Earlier this week the Queensland Court of Appeal dismissed an application for leave to appeal a decision of the District Court in relation to proceedings brought by the Bank of Queensland against two directors who made a personal guarantee of a $500,000 loan to their company (which is now in liquidation).

Whilst this particular case provides no extraordinary legal implications or principles, it serves as a reminder that directors of companies need to be cautious and diligent to avoid being held personally liable for a company’s debts.

It is a fundamental principle of company law that the identity and existence of a company is separate to that of its shareholders and controllers. The principle provides a shield or veil of protection for directors in their day to day operation of a company. However, there are circumstances where this ‘separate entity’ principle will not apply.

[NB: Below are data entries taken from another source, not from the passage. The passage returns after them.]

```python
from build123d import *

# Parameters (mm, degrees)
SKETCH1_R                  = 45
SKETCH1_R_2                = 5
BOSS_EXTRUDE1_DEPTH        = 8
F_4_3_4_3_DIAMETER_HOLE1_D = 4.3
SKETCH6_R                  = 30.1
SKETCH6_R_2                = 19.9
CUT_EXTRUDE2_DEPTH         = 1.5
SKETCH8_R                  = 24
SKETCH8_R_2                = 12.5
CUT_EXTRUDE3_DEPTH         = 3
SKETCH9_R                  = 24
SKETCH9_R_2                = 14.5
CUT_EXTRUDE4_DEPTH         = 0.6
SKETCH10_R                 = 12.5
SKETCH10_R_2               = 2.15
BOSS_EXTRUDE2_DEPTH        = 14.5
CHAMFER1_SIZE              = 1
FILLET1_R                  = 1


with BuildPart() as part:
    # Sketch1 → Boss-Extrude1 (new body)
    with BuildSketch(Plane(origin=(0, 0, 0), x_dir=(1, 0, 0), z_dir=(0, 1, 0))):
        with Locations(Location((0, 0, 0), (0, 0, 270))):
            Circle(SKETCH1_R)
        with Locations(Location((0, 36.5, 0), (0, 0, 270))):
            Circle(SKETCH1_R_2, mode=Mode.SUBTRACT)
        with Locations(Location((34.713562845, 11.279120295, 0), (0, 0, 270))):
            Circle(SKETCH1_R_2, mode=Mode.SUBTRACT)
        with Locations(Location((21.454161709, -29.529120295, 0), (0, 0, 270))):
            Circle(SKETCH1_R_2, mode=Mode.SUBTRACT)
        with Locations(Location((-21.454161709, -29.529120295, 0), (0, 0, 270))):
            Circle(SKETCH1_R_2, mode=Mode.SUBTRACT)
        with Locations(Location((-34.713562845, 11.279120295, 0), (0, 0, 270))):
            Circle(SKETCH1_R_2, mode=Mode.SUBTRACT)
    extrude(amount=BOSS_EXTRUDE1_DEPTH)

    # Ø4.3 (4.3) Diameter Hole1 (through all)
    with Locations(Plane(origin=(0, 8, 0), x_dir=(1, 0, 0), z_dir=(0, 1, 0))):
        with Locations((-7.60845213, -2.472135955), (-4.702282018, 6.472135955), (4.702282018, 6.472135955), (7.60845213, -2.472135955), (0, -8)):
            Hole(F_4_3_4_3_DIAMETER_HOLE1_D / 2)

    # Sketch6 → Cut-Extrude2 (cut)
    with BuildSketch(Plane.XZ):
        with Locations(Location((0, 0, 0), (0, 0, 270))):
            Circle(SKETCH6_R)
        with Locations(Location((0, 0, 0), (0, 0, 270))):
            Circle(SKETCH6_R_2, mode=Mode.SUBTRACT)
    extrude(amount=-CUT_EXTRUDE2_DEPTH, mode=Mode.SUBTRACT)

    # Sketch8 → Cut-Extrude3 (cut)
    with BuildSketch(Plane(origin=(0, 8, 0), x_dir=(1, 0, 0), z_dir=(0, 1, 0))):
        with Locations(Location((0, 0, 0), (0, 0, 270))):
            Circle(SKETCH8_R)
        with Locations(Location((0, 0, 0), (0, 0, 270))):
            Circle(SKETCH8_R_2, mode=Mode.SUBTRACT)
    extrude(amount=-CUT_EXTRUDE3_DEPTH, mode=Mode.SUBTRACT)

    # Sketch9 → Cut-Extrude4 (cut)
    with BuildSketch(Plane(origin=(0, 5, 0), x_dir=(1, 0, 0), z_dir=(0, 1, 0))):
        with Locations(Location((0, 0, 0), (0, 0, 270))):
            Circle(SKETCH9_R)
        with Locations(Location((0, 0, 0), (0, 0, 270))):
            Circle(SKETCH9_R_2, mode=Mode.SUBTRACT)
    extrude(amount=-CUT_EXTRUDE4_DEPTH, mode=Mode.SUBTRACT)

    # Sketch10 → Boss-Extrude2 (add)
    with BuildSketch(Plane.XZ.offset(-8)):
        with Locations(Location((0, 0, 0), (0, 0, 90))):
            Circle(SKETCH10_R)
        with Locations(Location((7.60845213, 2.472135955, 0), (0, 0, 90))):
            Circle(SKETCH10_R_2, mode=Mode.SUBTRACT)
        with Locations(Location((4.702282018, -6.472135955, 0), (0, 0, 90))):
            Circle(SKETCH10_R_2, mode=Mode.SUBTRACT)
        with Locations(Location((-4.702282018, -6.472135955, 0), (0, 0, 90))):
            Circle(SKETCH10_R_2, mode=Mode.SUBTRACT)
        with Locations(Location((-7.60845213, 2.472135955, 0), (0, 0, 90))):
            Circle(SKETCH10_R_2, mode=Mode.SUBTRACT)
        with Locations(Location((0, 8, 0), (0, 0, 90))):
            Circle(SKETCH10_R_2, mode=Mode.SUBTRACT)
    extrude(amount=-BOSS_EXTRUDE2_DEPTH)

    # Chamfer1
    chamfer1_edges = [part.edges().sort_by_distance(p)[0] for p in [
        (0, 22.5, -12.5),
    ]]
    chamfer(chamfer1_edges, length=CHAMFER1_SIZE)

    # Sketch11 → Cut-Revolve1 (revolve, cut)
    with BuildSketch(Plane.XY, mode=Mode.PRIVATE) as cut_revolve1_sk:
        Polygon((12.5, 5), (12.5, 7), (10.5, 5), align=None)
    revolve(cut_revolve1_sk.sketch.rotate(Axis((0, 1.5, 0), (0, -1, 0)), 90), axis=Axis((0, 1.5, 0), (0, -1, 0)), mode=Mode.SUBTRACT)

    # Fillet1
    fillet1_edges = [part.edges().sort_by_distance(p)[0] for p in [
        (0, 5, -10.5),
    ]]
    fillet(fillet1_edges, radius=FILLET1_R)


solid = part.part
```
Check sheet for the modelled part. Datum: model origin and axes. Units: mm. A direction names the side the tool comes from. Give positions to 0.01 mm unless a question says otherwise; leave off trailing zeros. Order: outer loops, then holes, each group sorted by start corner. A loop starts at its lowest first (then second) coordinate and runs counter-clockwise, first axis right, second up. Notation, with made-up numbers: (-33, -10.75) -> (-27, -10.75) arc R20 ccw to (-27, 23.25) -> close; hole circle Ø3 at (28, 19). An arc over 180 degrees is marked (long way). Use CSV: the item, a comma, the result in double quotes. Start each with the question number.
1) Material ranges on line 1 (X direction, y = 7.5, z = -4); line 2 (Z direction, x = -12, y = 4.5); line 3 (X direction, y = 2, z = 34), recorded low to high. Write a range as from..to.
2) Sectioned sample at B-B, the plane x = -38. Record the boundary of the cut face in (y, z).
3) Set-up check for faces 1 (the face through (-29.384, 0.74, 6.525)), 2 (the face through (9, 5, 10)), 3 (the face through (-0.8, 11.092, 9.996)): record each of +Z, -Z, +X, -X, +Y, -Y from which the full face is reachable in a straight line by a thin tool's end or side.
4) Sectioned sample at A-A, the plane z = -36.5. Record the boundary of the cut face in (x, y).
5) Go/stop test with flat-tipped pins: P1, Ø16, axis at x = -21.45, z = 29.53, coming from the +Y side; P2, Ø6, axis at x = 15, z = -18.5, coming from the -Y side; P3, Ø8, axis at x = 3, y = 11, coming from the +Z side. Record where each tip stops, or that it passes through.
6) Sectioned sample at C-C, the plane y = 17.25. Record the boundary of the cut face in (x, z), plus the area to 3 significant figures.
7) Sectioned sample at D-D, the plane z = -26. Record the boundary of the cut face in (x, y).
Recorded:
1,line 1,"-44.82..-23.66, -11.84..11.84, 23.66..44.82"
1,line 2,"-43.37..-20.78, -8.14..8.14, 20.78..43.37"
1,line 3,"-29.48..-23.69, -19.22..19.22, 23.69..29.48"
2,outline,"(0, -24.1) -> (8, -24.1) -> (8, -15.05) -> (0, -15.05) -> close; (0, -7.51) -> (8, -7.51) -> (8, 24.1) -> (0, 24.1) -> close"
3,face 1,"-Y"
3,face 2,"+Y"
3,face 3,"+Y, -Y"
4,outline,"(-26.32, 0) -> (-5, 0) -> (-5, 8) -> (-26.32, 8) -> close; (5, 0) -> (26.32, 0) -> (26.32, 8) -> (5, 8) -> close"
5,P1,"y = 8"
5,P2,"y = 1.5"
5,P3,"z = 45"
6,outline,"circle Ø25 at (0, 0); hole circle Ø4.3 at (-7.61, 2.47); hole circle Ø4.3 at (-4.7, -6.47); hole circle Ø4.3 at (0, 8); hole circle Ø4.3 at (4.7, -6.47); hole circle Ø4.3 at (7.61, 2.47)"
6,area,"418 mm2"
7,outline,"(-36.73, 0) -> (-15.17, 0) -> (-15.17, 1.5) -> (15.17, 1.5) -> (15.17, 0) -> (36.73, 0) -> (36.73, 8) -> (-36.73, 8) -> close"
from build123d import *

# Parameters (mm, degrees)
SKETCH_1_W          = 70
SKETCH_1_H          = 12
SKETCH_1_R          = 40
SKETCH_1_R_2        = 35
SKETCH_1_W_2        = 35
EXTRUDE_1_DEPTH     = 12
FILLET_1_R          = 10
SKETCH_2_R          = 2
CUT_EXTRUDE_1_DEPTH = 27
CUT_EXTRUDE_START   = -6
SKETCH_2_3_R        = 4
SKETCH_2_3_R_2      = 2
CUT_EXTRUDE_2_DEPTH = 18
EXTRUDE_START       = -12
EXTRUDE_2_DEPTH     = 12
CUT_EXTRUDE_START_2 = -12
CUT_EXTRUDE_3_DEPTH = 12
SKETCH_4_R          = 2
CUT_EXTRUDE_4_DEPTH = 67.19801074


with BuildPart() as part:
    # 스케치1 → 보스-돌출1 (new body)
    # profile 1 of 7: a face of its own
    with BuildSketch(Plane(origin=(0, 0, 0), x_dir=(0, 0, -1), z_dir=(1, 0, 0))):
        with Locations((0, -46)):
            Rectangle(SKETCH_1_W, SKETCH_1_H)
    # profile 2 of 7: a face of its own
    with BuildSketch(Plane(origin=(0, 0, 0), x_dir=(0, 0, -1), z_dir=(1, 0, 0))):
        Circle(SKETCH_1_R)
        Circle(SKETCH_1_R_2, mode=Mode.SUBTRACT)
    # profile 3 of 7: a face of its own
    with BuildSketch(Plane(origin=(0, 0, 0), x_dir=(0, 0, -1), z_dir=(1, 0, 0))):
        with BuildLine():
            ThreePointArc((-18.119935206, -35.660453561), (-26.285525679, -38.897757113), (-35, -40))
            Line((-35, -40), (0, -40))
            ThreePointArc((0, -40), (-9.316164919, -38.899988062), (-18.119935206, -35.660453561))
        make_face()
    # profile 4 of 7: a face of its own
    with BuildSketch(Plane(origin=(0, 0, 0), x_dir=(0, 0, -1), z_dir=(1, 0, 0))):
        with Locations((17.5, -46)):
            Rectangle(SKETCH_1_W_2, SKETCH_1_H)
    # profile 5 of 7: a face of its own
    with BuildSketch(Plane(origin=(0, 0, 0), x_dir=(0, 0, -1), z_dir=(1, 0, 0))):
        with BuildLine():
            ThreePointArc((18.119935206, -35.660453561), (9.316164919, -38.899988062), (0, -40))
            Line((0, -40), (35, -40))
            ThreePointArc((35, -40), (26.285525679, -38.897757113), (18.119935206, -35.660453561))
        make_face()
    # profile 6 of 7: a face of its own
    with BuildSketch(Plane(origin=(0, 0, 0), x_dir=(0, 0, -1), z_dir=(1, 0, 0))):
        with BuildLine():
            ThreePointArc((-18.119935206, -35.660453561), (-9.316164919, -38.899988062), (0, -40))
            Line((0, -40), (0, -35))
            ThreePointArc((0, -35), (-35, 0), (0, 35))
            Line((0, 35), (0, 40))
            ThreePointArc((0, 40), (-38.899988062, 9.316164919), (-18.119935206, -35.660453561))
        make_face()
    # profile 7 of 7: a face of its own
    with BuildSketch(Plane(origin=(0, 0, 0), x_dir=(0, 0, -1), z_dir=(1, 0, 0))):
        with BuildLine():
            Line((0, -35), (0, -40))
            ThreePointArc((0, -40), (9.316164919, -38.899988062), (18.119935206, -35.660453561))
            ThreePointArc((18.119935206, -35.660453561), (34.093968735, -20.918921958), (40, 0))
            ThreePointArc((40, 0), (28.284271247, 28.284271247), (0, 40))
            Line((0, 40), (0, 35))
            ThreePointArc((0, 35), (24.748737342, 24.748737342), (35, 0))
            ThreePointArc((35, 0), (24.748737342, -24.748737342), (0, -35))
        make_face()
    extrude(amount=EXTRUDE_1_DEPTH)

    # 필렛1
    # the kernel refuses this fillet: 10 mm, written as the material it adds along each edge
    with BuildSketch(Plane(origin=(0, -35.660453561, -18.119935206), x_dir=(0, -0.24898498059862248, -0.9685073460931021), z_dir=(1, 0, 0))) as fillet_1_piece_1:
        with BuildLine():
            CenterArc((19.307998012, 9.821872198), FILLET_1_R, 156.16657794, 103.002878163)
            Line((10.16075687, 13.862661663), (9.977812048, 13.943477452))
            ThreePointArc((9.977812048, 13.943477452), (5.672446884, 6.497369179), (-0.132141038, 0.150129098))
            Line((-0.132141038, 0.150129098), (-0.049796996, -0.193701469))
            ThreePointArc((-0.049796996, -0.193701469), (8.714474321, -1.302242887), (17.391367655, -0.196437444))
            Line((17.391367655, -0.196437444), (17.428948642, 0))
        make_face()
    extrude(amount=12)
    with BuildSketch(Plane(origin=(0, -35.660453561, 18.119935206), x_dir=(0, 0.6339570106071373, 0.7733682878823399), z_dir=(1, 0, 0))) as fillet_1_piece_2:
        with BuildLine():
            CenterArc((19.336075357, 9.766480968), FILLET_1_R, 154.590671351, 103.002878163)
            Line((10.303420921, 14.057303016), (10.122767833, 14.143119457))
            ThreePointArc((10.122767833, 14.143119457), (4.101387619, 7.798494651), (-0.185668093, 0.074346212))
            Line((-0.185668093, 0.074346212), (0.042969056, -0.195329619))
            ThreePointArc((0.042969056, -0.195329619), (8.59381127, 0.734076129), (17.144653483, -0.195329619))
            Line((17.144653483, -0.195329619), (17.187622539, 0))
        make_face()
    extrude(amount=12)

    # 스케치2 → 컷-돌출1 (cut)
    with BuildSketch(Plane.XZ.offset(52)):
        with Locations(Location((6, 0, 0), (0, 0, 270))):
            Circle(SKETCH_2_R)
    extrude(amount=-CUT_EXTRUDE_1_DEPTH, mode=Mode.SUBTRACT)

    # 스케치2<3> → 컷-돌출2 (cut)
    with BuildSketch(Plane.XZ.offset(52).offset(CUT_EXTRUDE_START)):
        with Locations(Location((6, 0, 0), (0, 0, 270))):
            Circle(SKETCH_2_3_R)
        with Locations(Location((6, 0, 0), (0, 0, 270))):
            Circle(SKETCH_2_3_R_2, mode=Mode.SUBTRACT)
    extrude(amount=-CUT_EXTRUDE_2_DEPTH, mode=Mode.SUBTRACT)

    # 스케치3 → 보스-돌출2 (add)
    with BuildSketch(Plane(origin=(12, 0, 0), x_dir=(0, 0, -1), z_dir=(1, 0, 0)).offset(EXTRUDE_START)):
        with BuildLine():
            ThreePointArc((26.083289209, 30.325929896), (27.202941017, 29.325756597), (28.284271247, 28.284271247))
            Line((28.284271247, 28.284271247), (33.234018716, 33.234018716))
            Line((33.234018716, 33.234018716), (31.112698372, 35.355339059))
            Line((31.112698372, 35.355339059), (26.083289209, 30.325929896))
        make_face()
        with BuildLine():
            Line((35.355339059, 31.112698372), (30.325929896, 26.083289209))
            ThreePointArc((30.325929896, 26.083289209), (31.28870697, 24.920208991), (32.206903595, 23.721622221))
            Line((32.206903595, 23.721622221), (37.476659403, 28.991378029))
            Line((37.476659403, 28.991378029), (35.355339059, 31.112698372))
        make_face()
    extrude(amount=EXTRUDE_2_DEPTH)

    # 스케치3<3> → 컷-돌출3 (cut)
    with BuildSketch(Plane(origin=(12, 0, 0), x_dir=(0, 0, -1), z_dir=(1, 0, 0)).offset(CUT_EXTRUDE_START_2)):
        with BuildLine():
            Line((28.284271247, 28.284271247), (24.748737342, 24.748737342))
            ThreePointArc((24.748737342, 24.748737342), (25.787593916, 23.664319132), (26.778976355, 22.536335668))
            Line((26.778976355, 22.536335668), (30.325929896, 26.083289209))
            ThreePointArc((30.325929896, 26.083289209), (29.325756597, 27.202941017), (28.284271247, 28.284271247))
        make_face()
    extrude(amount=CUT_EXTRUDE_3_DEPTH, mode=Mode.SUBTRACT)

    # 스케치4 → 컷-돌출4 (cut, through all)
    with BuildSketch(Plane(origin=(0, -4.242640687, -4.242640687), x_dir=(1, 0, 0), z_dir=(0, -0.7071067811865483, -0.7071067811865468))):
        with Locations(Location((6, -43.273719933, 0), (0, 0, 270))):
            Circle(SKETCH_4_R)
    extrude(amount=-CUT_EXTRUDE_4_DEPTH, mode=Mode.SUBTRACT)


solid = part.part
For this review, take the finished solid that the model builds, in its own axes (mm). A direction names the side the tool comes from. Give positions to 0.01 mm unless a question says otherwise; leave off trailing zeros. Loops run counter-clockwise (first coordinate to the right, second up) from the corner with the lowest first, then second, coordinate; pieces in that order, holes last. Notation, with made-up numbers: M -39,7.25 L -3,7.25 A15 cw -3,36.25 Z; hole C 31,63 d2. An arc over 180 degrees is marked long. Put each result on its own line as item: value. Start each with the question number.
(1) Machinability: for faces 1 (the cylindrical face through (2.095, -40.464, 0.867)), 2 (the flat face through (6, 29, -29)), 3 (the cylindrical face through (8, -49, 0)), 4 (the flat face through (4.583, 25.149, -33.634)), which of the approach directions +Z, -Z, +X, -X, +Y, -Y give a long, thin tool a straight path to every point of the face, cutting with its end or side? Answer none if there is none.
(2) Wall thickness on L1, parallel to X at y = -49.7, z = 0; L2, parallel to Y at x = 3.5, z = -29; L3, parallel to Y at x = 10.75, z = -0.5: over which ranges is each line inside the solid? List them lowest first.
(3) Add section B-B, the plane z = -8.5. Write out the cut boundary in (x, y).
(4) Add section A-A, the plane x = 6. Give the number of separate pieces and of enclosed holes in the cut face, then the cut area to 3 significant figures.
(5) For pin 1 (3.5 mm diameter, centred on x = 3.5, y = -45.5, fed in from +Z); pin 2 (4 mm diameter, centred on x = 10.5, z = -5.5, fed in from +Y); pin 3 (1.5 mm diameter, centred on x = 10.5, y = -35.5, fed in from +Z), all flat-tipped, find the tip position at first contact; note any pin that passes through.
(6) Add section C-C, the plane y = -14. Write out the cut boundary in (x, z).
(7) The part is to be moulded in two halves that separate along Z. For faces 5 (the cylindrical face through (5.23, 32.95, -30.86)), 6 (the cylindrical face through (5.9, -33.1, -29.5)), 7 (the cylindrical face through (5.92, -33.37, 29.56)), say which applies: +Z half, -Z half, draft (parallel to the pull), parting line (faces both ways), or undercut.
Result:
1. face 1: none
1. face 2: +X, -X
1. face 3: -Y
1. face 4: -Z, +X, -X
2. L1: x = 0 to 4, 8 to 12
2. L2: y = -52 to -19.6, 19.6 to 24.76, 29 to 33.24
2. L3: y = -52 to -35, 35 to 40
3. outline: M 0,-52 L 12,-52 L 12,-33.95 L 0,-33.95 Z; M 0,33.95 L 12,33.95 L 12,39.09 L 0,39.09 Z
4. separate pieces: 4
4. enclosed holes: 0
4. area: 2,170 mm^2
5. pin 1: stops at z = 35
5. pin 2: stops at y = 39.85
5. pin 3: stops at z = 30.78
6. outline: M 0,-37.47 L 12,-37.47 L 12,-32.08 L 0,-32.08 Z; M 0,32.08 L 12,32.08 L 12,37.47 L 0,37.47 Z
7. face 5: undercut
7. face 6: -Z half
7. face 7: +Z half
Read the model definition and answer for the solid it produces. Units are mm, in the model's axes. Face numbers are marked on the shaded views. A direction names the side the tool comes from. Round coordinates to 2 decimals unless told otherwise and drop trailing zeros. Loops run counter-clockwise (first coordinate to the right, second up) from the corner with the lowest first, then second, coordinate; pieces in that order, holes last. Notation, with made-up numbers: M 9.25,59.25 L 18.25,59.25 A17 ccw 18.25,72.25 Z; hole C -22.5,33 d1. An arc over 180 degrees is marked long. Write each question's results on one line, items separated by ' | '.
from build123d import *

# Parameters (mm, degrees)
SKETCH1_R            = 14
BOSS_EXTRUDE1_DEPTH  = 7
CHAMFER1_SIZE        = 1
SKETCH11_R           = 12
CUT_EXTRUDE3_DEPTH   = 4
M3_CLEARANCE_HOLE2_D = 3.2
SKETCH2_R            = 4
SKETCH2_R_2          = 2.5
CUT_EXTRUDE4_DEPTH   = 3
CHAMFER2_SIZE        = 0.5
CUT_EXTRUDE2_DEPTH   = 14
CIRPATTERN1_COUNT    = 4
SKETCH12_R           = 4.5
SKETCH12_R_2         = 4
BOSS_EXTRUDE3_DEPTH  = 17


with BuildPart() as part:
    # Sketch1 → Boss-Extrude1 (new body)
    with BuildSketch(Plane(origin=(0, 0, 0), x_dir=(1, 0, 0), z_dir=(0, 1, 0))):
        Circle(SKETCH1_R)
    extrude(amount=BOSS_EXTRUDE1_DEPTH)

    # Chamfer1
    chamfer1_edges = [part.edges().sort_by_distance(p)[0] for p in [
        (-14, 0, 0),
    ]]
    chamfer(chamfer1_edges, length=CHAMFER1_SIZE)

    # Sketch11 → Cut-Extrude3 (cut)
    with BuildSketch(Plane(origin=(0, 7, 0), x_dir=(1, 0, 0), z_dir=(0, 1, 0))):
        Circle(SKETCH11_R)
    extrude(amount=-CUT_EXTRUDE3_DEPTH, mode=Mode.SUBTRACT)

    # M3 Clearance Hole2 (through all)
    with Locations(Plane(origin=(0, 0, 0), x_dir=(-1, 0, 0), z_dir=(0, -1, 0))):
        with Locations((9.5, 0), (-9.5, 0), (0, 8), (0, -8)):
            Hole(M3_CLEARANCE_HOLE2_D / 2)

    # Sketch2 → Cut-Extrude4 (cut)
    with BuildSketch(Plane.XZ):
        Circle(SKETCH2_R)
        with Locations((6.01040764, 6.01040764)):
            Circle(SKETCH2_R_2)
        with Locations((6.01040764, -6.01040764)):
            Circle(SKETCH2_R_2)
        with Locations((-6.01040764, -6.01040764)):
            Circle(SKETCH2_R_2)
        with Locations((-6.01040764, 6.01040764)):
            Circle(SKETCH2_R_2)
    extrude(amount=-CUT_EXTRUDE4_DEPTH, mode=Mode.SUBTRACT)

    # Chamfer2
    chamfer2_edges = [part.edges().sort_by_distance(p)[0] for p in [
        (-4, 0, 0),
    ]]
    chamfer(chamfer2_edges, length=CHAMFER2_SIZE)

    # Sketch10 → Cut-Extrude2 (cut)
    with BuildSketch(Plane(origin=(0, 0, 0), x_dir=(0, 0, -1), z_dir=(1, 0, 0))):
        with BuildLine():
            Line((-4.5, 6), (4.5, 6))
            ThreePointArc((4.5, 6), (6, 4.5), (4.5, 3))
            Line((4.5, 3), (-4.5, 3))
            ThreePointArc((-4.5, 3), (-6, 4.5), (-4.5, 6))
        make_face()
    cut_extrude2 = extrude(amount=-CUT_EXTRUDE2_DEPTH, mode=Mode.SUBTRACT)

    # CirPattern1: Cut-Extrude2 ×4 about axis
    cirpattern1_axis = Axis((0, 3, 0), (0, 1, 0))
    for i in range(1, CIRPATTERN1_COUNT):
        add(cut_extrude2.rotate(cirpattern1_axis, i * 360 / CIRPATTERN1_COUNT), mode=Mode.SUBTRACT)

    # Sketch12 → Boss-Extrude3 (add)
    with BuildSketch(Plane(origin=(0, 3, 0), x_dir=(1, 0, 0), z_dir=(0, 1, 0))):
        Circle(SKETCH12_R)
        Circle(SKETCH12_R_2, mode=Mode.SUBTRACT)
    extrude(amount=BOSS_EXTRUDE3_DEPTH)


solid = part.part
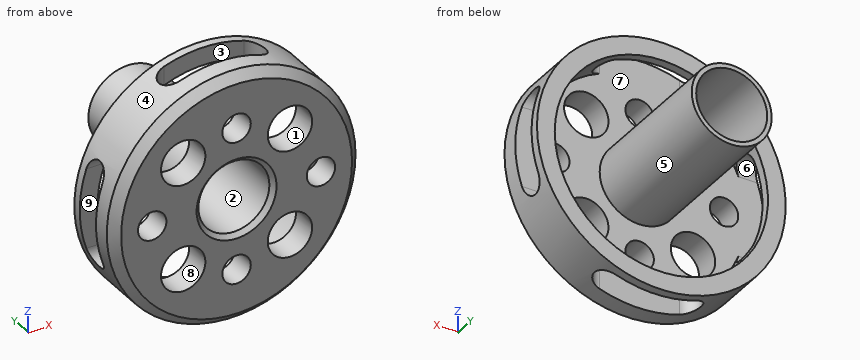
Item 1: Flat-ended cylindrical pins translate along their axes: pin 1 (6 mm diameter, centred on x = -6.01, z = -6.01, fed in from +Y); pin 2 (4 mm diameter, centred on x = 4.5, y = 13.5, fed in from -Z); pin 3 (12 mm diameter, centred on y = 10, z = 7, fed in from -X). Find the tip coordinate at first contact, or state that the pin passes through.
Outcome:
pin 1: stops at y = 3 | pin 2: stops at z = -3.74 | pin 3: stops at x = -13.88
Item 2: Straight lines are drawn through the part: line 1 (Z direction, x = 0, y = 1.8); line 2 (Y direction, x = -3.5, z = -12.25); line 3 (X direction, y = 16, z = 0). For each, find the intervals that lie inside material, in ascending order.
Outcome:
line 1: z = -14 to -9.6, -6.4 to -4, 4 to 6.4, 9.6 to 14 | line 2: y = 0 to 3, 6 to 7 | line 3: x = -4.5 to -4, 4 to 4.5
Item 3: The part is cut by section D-D (y = 12). Determine the outline of the cut face in (x, z).
Outcome:
outline: C 0,0 d9; hole C 0,0 d8
Item 4: The mould has two halves that part along Z. Classify the marked faces 1, 2, 3 and 4: pulls with the +Z half, pulls with the -Z half, needs draft (parallel to the pull), parting line crosses it, or undercut.
Outcome:
face 1: undercut | face 2: undercut | face 3: needs draft | face 4: parting line crosses it
Item 5: The part is cut by section B-B (y = 4). Determine the outline of the cut face in (x, z), plus the area to 3 significant figures.
Outcome:
outline: M -12.69,-5.91 A14 ccw -5.91,-12.69 L -5.91,-10.44 A12 cw -10.44,-5.91 Z; M -12.69,5.91 L -10.44,5.91 A12 cw -5.91,10.44 L -5.91,12.69 A14 ccw Z; C 0,0 d9; M 5.91,-12.69 A14 ccw 12.69,-5.91 L 10.44,-5.91 A12 cw 5.91,-10.44 Z; M 5.91,10.44 A12 cw 10.44,5.91 L 12.69,5.91 A14 ccw 5.91,12.69 Z; hole C 0,0 d8 | area: 78.4 mm2
Item 6: The part is cut by section A-A (z = 0). State how many separate pieces and enclosed holes the cut face has, plus the area to 4 significant figures.
Outcome:
separate pieces: 6 | enclosed holes: 0 | area: 60.55 mm2
Item 7: For the marked faces 5, 6, 7, 8 and 9, determine the directions among +Z, -Z, +X, -X, +Y, -Y from which every point of the face is accessible in a straight line to the end or side of a thin tool.
Outcome:
face 5: +Y | face 6: +X, -X | face 7: none | face 8: +Y, -Y | face 9: -X

Possibly the most common way that directors will become accountable for a company’s liability is when the director has made a personal guarantee in respect of the company’s obligations. The law is only able to protect the directors of a company so far as they seek to protect themselves.

A director’s guarantee is a serious undertaking which allows a lender to hold the director personally liable to pay any debts if the company is unable to meet its obligations. It is not uncommon for a lender to require a director to guarantee a loan and with a company that has minimal assets, the giving of a guarantee can be a serious decision and it will place a significant financial risk on the individual.

The case highlights the common situation directors might find themselves in on the back side of what seemed to be a bright future. These kinds of cases highlight the value of seeking advice before entering into transactions which will bind the company, and more importantly those that bind the individual.